### Exercise prompt
When you transcribe the lines below, keep every word the same and leave the pictures behind.

··· Data for review ···

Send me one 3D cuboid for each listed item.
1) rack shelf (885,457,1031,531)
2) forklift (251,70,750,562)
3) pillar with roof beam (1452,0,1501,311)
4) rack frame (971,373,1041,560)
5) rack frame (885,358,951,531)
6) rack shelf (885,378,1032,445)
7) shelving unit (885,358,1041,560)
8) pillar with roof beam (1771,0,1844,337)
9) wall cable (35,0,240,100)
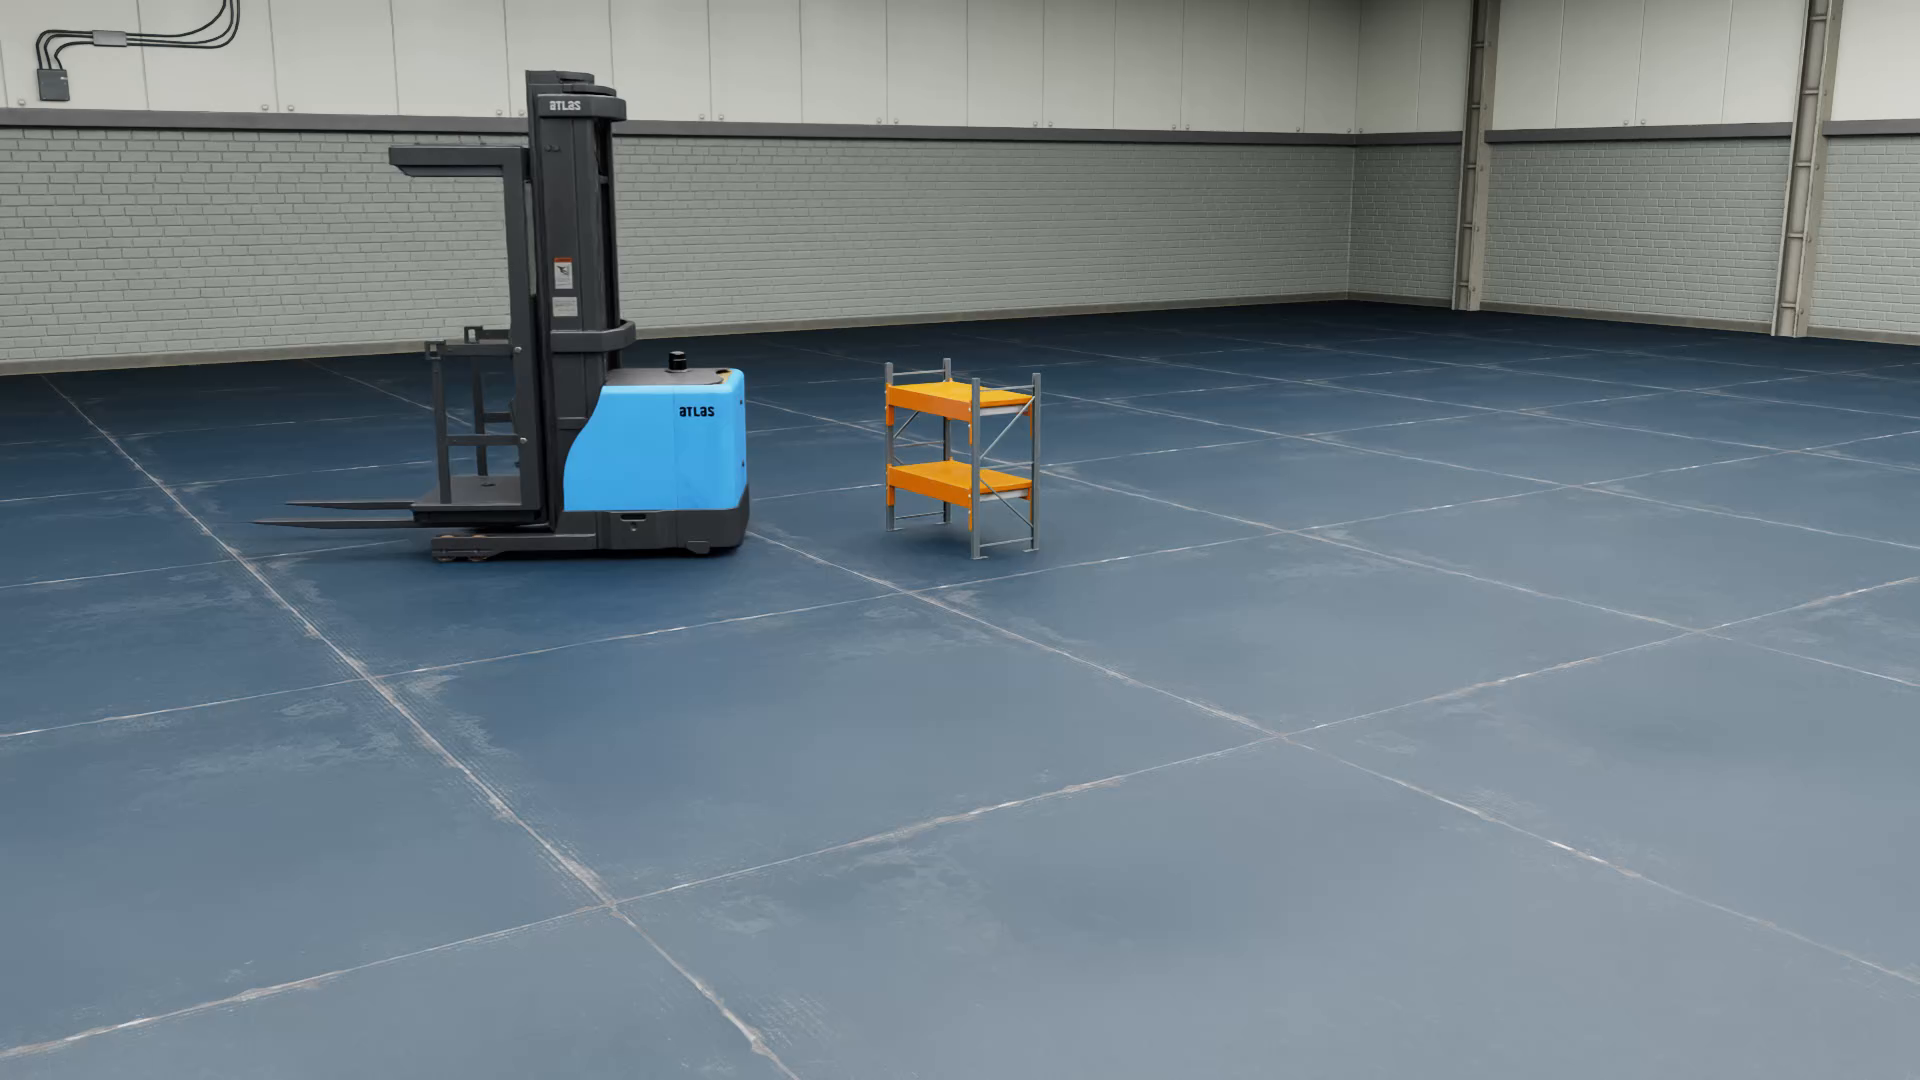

···

### Result for this exercise
Send me one 3D cuboid for each listed item.
1) rack shelf (885,457,1031,531)
2) forklift (251,70,750,562)
3) pillar with roof beam (1452,0,1501,311)
4) rack frame (971,373,1041,560)
5) rack frame (885,358,951,531)
6) rack shelf (885,378,1032,445)
7) shelving unit (885,358,1041,560)
8) pillar with roof beam (1771,0,1844,337)
9) wall cable (35,0,240,100)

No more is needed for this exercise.